Advertisement

Effects of knee bracing on patellofemoral pain

istockphoto.com #6810077

Research suggests that different bracing designs may have different mechanisms of action for relief of patellofemoral pain syndrome, which is consistent with the heterogeneous nature of the condition and underscores the need to understand each design’s function prior to treatment.

By Song Joo Lee, MS, Yupeng Ren, MS, Nicole A. Wilson, PhD, Sang Hoon Kang, PhD, and Li-Qun Zhang, PhD

Runner’s knee or anterior knee pain are interchangeable terminology for patellofemoral pain syndrome (PFPS). PFPS is defined as pain originating from the patellofemoral joint and associated structures excluding other intra-articular and peripatellar pathology.1,2 PFPS is the most common diagnosis among runners and in sports medicine centers. PFPS accounts for 16% to 25% of all injuries in runners and 11% of musculoskeletal complaints seen in the office.3-5

The current literature suggests that the main contributors to PFPS are overuse, articular cartilage damage from trauma, and abnormal patellar tracking.1,6 PFPS is progressively developed via the alteration of patellar alignment or patellar tracking, increased patellofemoral joint forces, or some combination.1,7-11 Patellar tracking is dependent on the bony architecture of the knee and the magnitudes and directions of forces from the soft tissue structures surrounding the patellofemoral joint, including the quadriceps muscles and the patellar and quadriceps tendons (Figure 1).12,13 Furthermore, muscle imbalances at the hip, including weakness of the gluteus medius and gluteus maximus, can also affect patellar tracking.14,15 Abnormal patellar tracking, particularly lateral tracking, can increase patellofemoral contact pressure and subsequently trigger pain by activating nociceptive fibers in the subchondral bone located underneath the patellofemoral articular surface.8,16-19 Other abnormal factors related to patellofemoral contact pressure, such as contact area, location of pressure, and joint stress, may also contribute to the development of PFPS.16-19

Figure 1. Schematic of the patellofemoral joint (anterior view)

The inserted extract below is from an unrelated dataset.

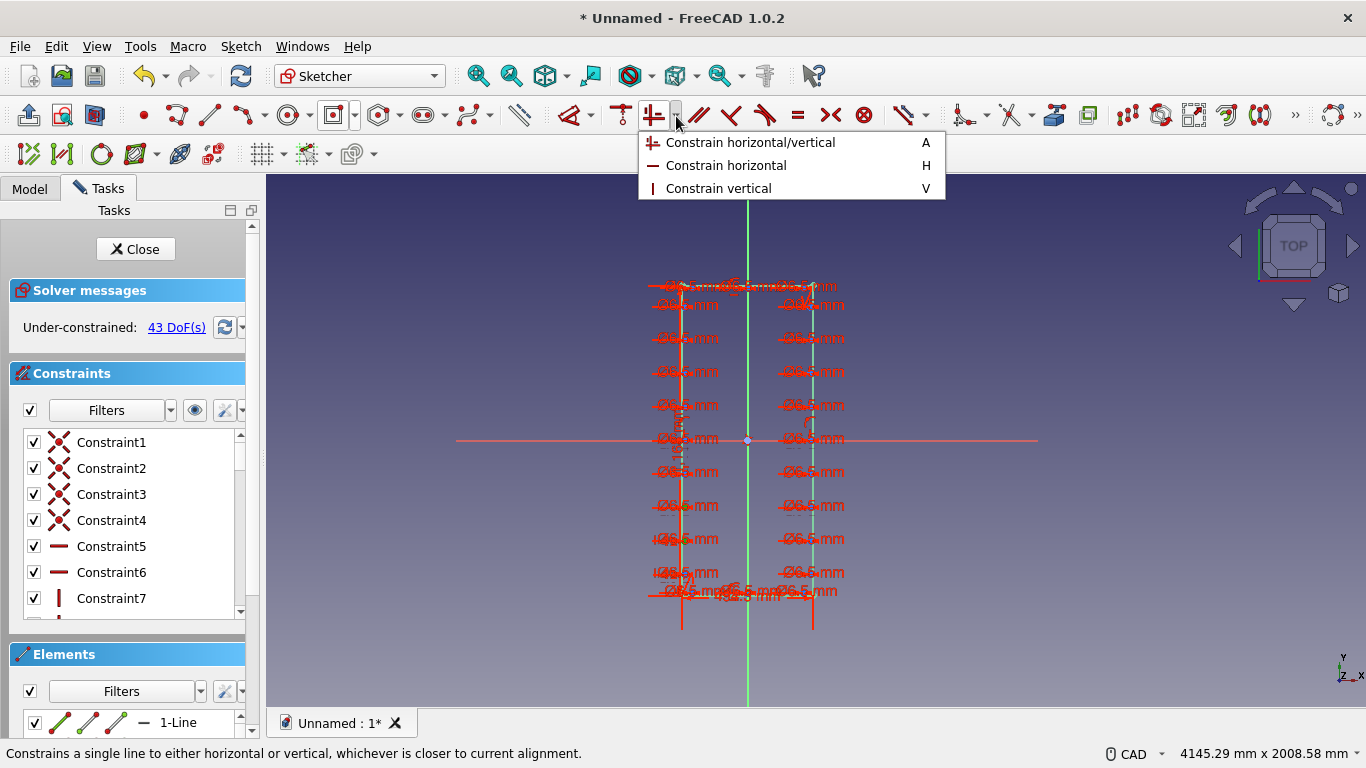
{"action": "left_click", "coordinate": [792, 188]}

People with PFPS describe pain behind, underneath, or around the patella. Common symptoms include stiffness, pain, or both on prolonged sitting with the knees flexed, and pain with activities that load the patellofemoral joint, such as climbing or descending stairs, squatting, or running.1 Individuals with PFPS can feel the pain through daily repeatable weight-bearing activities. Stair climbing and squatting can potentially generate forces on the patella from three to nine times body weight.1,20 Symptomatic patellofemoral joints likely have a reduced capacity to tolerate loading,16 and  this can limit activity. PFPS patients are also predisposed to further development of arthritis and permanent disability.8,21,22 Therefore, effective treatment for PFPS is essential.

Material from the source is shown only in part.